◆ REQUIREMENT: Return each line exactly, from the one that has "Use lines of" through the end of the entries, both ends included. Pictures do not belong.
[SUPPLIED DATA Boundary: Start]
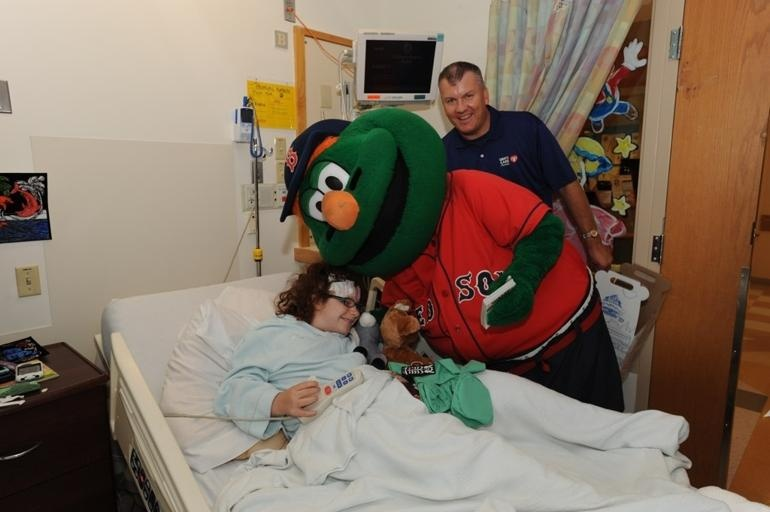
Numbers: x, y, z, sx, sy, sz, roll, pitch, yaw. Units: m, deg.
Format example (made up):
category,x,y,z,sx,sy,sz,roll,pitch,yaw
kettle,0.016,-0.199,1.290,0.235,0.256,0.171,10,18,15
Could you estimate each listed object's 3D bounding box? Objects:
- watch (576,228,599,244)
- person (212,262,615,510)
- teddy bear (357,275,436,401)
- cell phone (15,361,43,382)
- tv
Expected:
category,x,y,z,sx,sy,sz,roll,pitch,yaw
watch,1.034,-0.100,2.644,0.088,0.060,0.089,11,-13,-17
person,-0.147,0.581,2.065,0.745,0.537,1.184,-17,36,-43
teddy bear,0.056,0.362,2.213,0.243,0.546,0.409,-20,10,-19
cell phone,-1.557,0.502,2.266,0.137,0.043,0.113,14,21,43
tv,0.062,-1.066,2.862,0.470,0.378,0.067,-1,20,-9
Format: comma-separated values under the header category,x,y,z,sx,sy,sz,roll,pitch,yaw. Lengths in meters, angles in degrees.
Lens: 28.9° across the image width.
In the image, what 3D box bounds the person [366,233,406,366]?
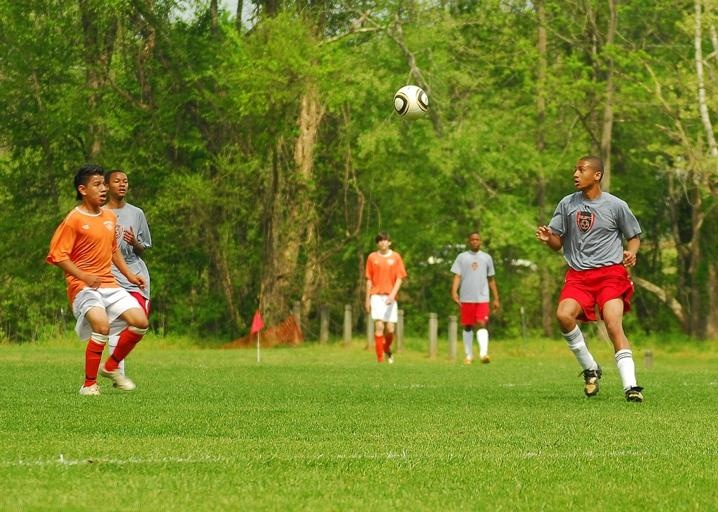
category,x,y,z,sx,sy,sz,roll,pitch,yaw
person,0.513,0.828,26.296,0.727,2.440,0.692,0,13,1

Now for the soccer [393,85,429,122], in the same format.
category,x,y,z,sx,sy,sz,roll,pitch,yaw
soccer,1.049,-2.983,27.314,0.667,0.630,0.640,5,-30,-14

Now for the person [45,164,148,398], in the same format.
category,x,y,z,sx,sy,sz,roll,pitch,yaw
person,-3.969,0.404,21.158,1.083,3.359,0.875,8,15,29

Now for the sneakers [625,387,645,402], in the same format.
category,x,y,z,sx,sy,sz,roll,pitch,yaw
sneakers,4.170,2.079,20.989,0.266,0.208,0.256,3,13,10

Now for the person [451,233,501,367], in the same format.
category,x,y,z,sx,sy,sz,roll,pitch,yaw
person,2.255,0.886,26.961,0.901,2.647,1.354,1,13,3

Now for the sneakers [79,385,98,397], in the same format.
category,x,y,z,sx,sy,sz,roll,pitch,yaw
sneakers,-4.130,2.063,21.311,0.126,0.128,0.333,6,-12,-41
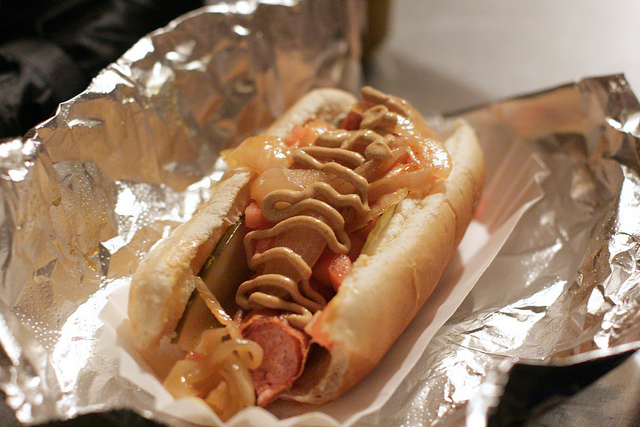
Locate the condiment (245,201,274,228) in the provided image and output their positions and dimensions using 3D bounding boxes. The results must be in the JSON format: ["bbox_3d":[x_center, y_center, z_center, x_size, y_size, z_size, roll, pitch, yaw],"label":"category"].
[{"bbox_3d":[-0.295,0.004,3.191,0.179,0.166,0.136,-1,75,-11],"label":"condiment"}]

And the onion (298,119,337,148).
[{"bbox_3d":[-0.026,-0.461,3.461,0.106,0.075,0.225,19,45,19],"label":"onion"}]

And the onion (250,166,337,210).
[{"bbox_3d":[-0.160,-0.109,3.164,0.340,0.087,0.210,-21,42,-3],"label":"onion"}]

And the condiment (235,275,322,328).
[{"bbox_3d":[-0.216,0.403,2.992,0.364,0.086,0.211,18,49,22],"label":"condiment"}]

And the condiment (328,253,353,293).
[{"bbox_3d":[0.100,0.290,3.072,0.121,0.067,0.237,10,26,-1],"label":"condiment"}]
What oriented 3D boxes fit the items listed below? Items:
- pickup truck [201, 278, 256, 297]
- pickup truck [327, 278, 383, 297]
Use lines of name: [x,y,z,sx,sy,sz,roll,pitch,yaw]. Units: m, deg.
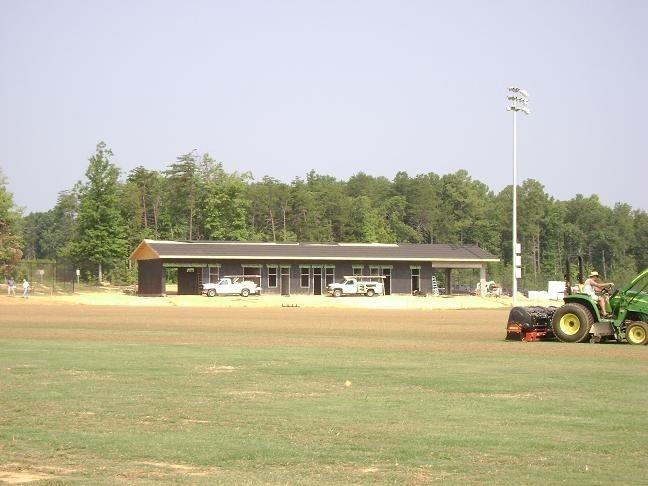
pickup truck: [-6.917,3.352,77.089,3.744,1.236,1.594,2,-4,-7]
pickup truck: [2.481,3.463,80.112,3.868,1.272,1.728,1,-3,-3]
[SUPPLIED DATA Boundary: End]
◆ EXPECTED ANSWER:
Use lines of name: [x,y,z,sx,sy,sz,roll,pitch,yaw]. Units: m, deg.
pickup truck: [-6.917,3.352,77.089,3.744,1.236,1.594,2,-4,-7]
pickup truck: [2.481,3.463,80.112,3.868,1.272,1.728,1,-3,-3]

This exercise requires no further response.